You can often replace this construct by using a ternary operator (aka "Conditional Operator"); however, I think the following looks clunky and is inferior to what you've already written (with respect to readability and maintainability):
$hash{$key} = exists $hash{$key} ? $hash{$key} . $sep . $v : $v;
or even
$hash{$key} = exists $hash{$key} ? "$hash{$key}$sep$v" : $v;
In the script below, I haven't needed that construct because I've allowed $hash{$key} to autovivify (with push @{$data{$key}}, $val;) and performed the concatenation as part of the final print.
[Side Note: print takes a list.
There's no need to explicitly concatenate its arguments.
In the specific case of your code here, you could have written print $k.$hash{$k}."\n"; as just print "$k$hash{$k}\n";; although, that's probably less readable than print $k, $hash{$k}, "\n";.]

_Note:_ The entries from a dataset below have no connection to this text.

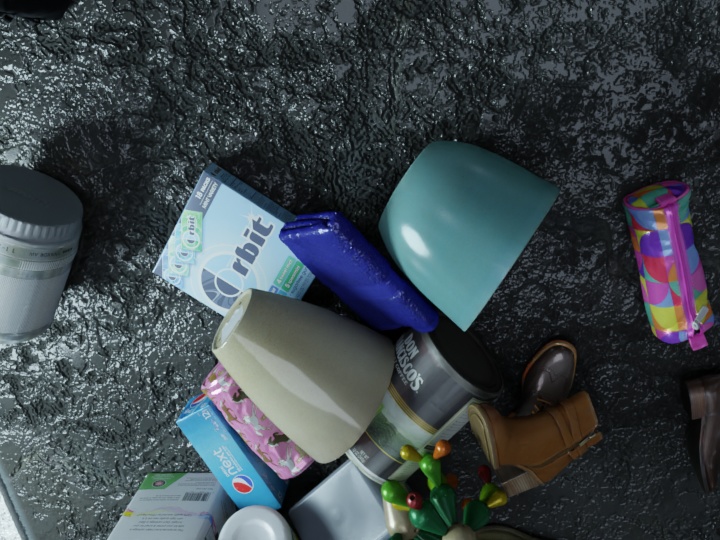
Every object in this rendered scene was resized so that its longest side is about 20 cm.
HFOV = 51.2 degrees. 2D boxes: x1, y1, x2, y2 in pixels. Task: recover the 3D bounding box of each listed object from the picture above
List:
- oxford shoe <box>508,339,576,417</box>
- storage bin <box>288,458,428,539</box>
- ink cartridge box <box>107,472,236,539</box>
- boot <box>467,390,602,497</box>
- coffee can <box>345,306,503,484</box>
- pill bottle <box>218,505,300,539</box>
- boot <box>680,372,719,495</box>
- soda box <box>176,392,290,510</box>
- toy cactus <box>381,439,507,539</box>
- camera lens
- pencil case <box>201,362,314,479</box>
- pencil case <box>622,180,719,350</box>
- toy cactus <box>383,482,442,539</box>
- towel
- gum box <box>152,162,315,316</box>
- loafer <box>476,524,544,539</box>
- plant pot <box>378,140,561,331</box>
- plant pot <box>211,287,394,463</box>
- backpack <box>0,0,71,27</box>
[{"bbox_3d":[0.251,0.193,1.043,0.070,0.073,0.204,16,113,0],"label":"oxford shoe"},{"bbox_3d":[-0.003,0.363,1.127,0.200,0.145,0.135,-43,74,21],"label":"storage bin"},{"bbox_3d":[-0.287,0.401,1.136,0.141,0.201,0.086,-3,112,9],"label":"ink cartridge box"},{"bbox_3d":[0.225,0.197,0.957,0.153,0.074,0.201,-30,136,2],"label":"boot"},{"bbox_3d":[0.075,0.172,1.020,0.146,0.147,0.201,38,112,-9],"label":"coffee can"},{"bbox_3d":[-0.140,0.440,1.140,0.109,0.115,0.202,0,146,8],"label":"pill bottle"},{"bbox_3d":[0.547,0.210,1.019,0.195,0.065,0.190,-12,112,8],"label":"boot"},{"bbox_3d":[-0.191,0.278,1.146,0.067,0.064,0.202,-26,106,18],"label":"soda box"},{"bbox_3d":[0.119,0.298,0.932,0.102,0.167,0.198,-40,139,27],"label":"toy cactus"},{"bbox_3d":[-0.474,-0.017,1.015,0.157,0.161,0.203,27,113,-4],"label":"camera lens"},{"bbox_3d":[-0.144,0.208,1.102,0.082,0.087,0.201,-29,107,38],"label":"pencil case"},{"bbox_3d":[0.388,-0.007,0.938,0.086,0.089,0.204,-17,108,14],"label":"pencil case"},{"bbox_3d":[0.069,0.357,0.958,0.102,0.197,0.168,-40,61,45],"label":"toy cactus"},{"bbox_3d":[0.000,0.000,0.943,0.200,0.050,0.146,44,156,-24],"label":"towel"},{"bbox_3d":[-0.161,-0.019,1.032,0.198,0.045,0.171,32,113,-6],"label":"gum box"},{"bbox_3d":[0.247,0.447,1.150,0.195,0.068,0.078,6,113,5],"label":"loafer"},{"bbox_3d":[0.117,-0.057,0.902,0.159,0.200,0.203,34,113,8],"label":"plant pot"},{"bbox_3d":[-0.087,0.117,0.978,0.198,0.189,0.188,34,113,-19],"label":"plant pot"},{"bbox_3d":[-0.441,-0.401,0.869,0.198,0.163,0.156,32,105,2],"label":"backpack"}]

Here's the script I've referred to a couple of times above.
#!/usr/bin/env perl -l
use strict;
use warnings;
my %data;
my $re = qr{^(\w+\s+\w+)\s+(\w+)\s+(\w+)};
while (<DATA>) {
my ($key, $val) = map { $_->[0], join ':', @$_[1,2] } [/$re/];
push @{$data{$key}}, $val;
}
print "$_ ", join ', ', @{$data{$_}} for sort keys %data;
__DATA__
id1 name1 cat1 catname1
id1 name1 cat2 catname2
id2 name2 cat3 catname3
id3 name3 cat1 catname1
id3 name3 cat4 catname4
Output:
id1 name1 cat1:catname1, cat2:catname2
id2 name2 cat3:catname3
id3 name3 cat1:catname1, cat4:catname4
|